Target Normalization¶
Sometimes, it is necessary to normalize targets to the interval [0, 1] – especially when
multiple targets are present – in order to align them on a common scale. One situation
where this can be required is when combining the targets using a
DesirabilityObjective
. For this purpose, we
provide convenience constructors with the normalized_
prefix:
Ramp Transformation¶
The normalized_ramp()
constructor offers
the simplest way to create a normalized target. It does so by linearly mapping the
target values to the range [0, 1] inside a specified interval and clamping the output
outside.
Example
t = NumericalTarget.normalized_ramp(name="Target", cutoffs=(0, 1), descending=True)
Practical Considerations
✅ Easy to interpret: output value changes linearly inside the specified range
❌ Outside the linear region, the gradient is zero, which can complicate optimization if the thresholds are chosen too tight
Sigmoid Transformation¶
The normalized_sigmoid()
constructor
can be considered a softened version of the ramp transformation.

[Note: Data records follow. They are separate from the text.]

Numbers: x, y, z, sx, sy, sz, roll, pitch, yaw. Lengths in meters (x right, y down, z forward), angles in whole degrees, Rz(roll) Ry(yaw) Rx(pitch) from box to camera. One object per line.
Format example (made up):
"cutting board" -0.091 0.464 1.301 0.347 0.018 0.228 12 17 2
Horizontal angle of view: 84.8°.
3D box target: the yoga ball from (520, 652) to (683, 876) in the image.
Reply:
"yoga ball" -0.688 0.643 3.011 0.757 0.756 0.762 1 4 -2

Instead of using hard cutoffs, it smoothly interpolates the target values between
0 and 1 using a sigmoid function.
Example
t = NumericalTarget.normalized_sigmoid(name="Target", anchors=[(-1, 0.1), (1, 0.9)])
Practical Considerations
✅ Smooth gradient on the entire domain, which can be beneficial for optimization
❌ Requires more parameters to configure than the ramp transformation
Normalizing Existing Targets¶
You can also create a normalized version of an existing target by calling its
normalize()
method, provided the target
already maps to a bounded domain. For brevity and demonstration purposes, we show an
example using method chaining:
t = NumericalTarget(name="Target").power(2).clamp(max=1).normalize()
Creation From Existing Targets¶
Targets can also be quickly created from existing ones by calling certain transformation
methods on them (see NumericalTarget
for all options).
For example:
t1 = NumericalTarget("Target")
t2 = t1 - 1 # subtract a constant
t3 = t2 / 5 # divide by a constant
t4 = t3.abs() # compute absolute value
t5 = t4.power(3) # compute the cube
t6 = t5.clamp(max=10) # upper-bound to 10 (lower bound is 0 due to abs() call above)
t7 = t6.normalize() # normalize to [0, 1]
Limitations¶
Important
NumericalTarget
enables many use cases due to the
real-valued nature of most measurements. However, it can also be used to model
categorical targets if they are ordinal.
For example:
If your experimental outcome is a categorical ranking into “bad”, “mediocre” and “good”,
you could use a NumericalTarget
by pre-mapping the categories to the values 1, 2 and 3, respectively.
If your target category is not ordinal, the transformation into a numerical target is not straightforward, which is a current limitation of BayBE. We are looking into adding more target variants in the future.